[Activity]
When you reach the line containing "Answer yes or no. No. Is Coral", start transcribing exactly and continue through the last line of the data, skipping every picture.

*** Records shown Section Begins ***

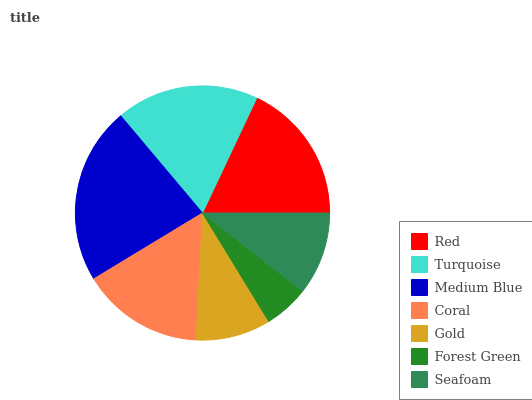Is Forest Green the minimum?
Answer yes or no. Yes. Is Medium Blue the maximum?
Answer yes or no. Yes. Is Turquoise the minimum?
Answer yes or no. No. Is Turquoise the maximum?
Answer yes or no. No. Is Turquoise greater than Red?
Answer yes or no. Yes. Is Red less than Turquoise?
Answer yes or no. Yes. Is Red greater than Turquoise?
Answer yes or no. No. Is Turquoise less than Red?
Answer yes or no. No. Is Coral the high median?
Answer yes or no. Yes. Is Coral the low median?
Answer yes or no. Yes. Is Red the high median?
Answer yes or no. No. Is Seafoam the low median?
Answer yes or no. No. 
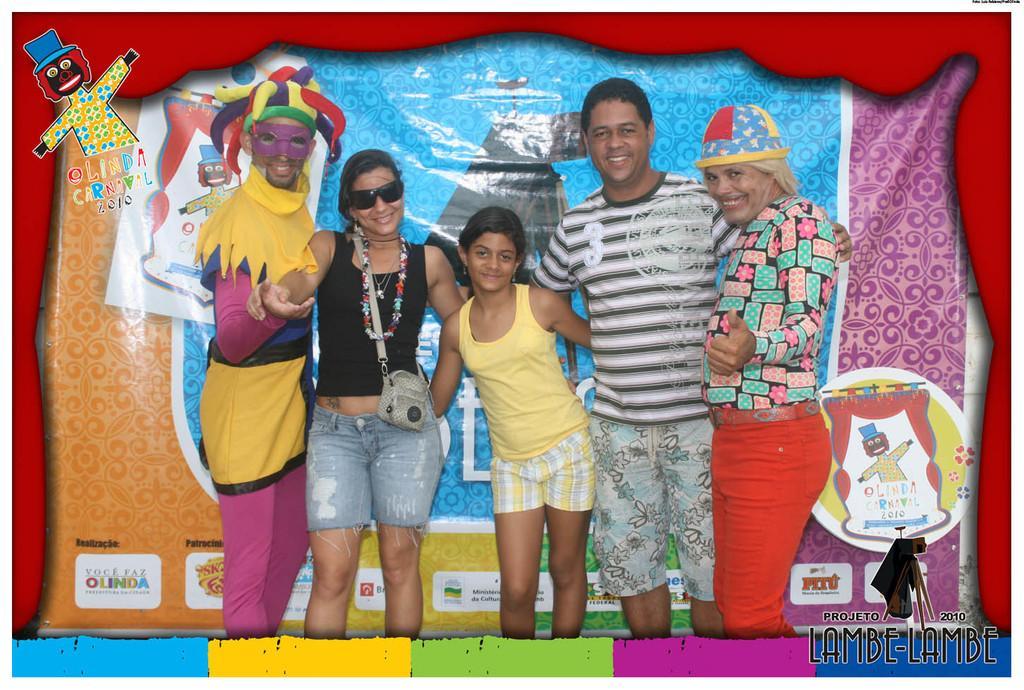Can you describe this image briefly? In the image in the center, we can see a few people are standing and they are smiling and they are in different costumes. In the background there is a banner.

*** Records shown Section Ends ***

[Response]
Answer yes or no. No. Is Coral the high median?
Answer yes or no. Yes. Is Coral the low median?
Answer yes or no. Yes. Is Red the high median?
Answer yes or no. No. Is Seafoam the low median?
Answer yes or no. No. 
Can you describe this image briefly? In the image in the center, we can see a few people are standing and they are smiling and they are in different costumes. In the background there is a banner.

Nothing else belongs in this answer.